PROBLEM DESCRIPTION
Go through the listing below. Copy each line that has the string "License".

DATA RECORDS
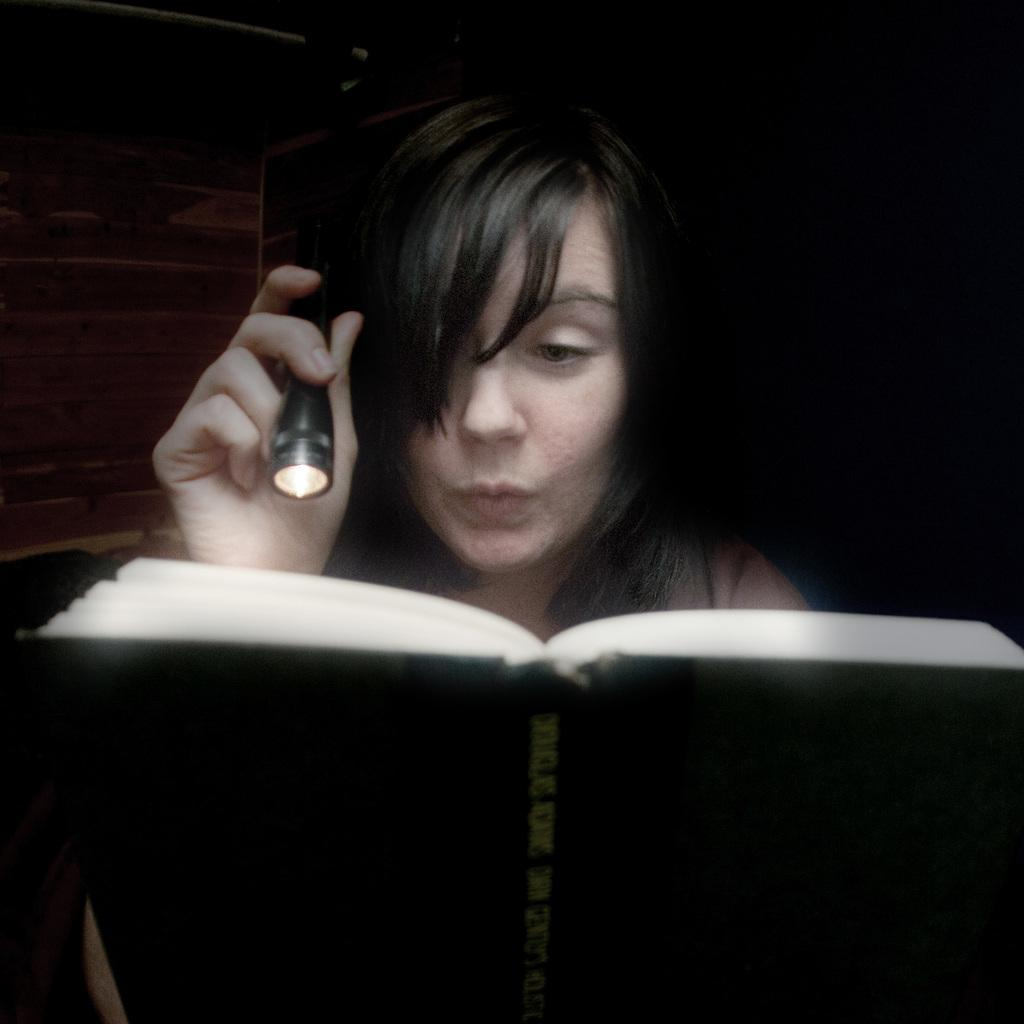Who is present in the image? There is a woman in the image. What is the woman holding in her hands? The woman is holding a book and a torch. What can be inferred about the lighting conditions in the image? The background of the image is completely dark. What type of rose can be seen in the image? There is no rose present in the image. How does the woman use the toothpaste in the image? There is no toothpaste present in the image. 
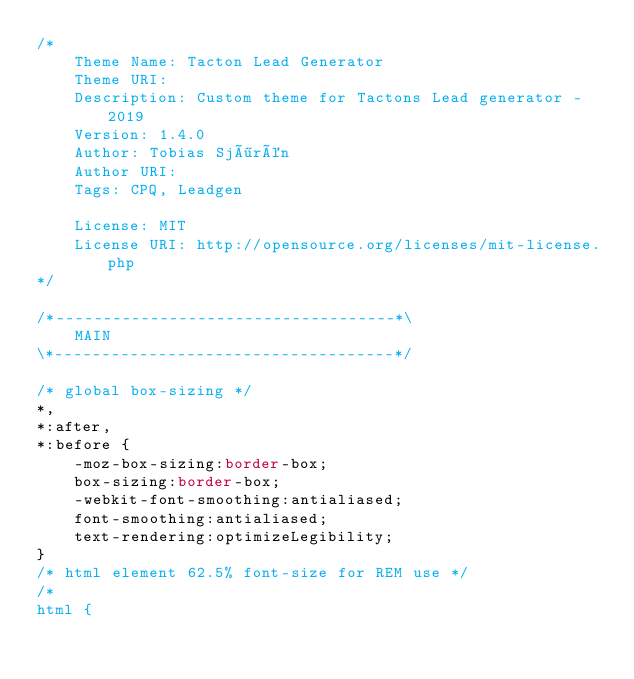Convert code to text. <code><loc_0><loc_0><loc_500><loc_500><_CSS_>/*
	Theme Name: Tacton Lead Generator
	Theme URI: 
	Description: Custom theme for Tactons Lead generator - 2019
	Version: 1.4.0
	Author: Tobias Sjörén
	Author URI: 
	Tags: CPQ, Leadgen

	License: MIT
	License URI: http://opensource.org/licenses/mit-license.php
*/

/*------------------------------------*\
    MAIN
\*------------------------------------*/

/* global box-sizing */
*,
*:after,
*:before {
	-moz-box-sizing:border-box;
	box-sizing:border-box;
	-webkit-font-smoothing:antialiased;
	font-smoothing:antialiased;
	text-rendering:optimizeLegibility;
}
/* html element 62.5% font-size for REM use */
/*
html {</code> 
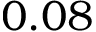Convert formula to latex. <formula><loc_0><loc_0><loc_500><loc_500>0 . 0 8</formula> 
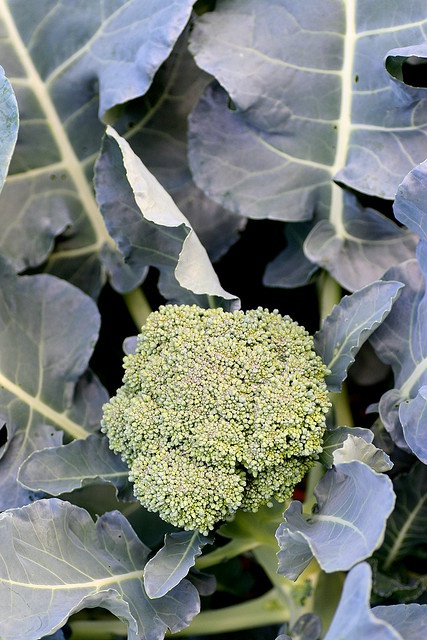Describe the objects in this image and their specific colors. I can see a broccoli in ivory, khaki, olive, beige, and darkgray tones in this image.

FINISHED TASK
	License: MIT
	License URI: http://opensource.org/licenses/mit-license.php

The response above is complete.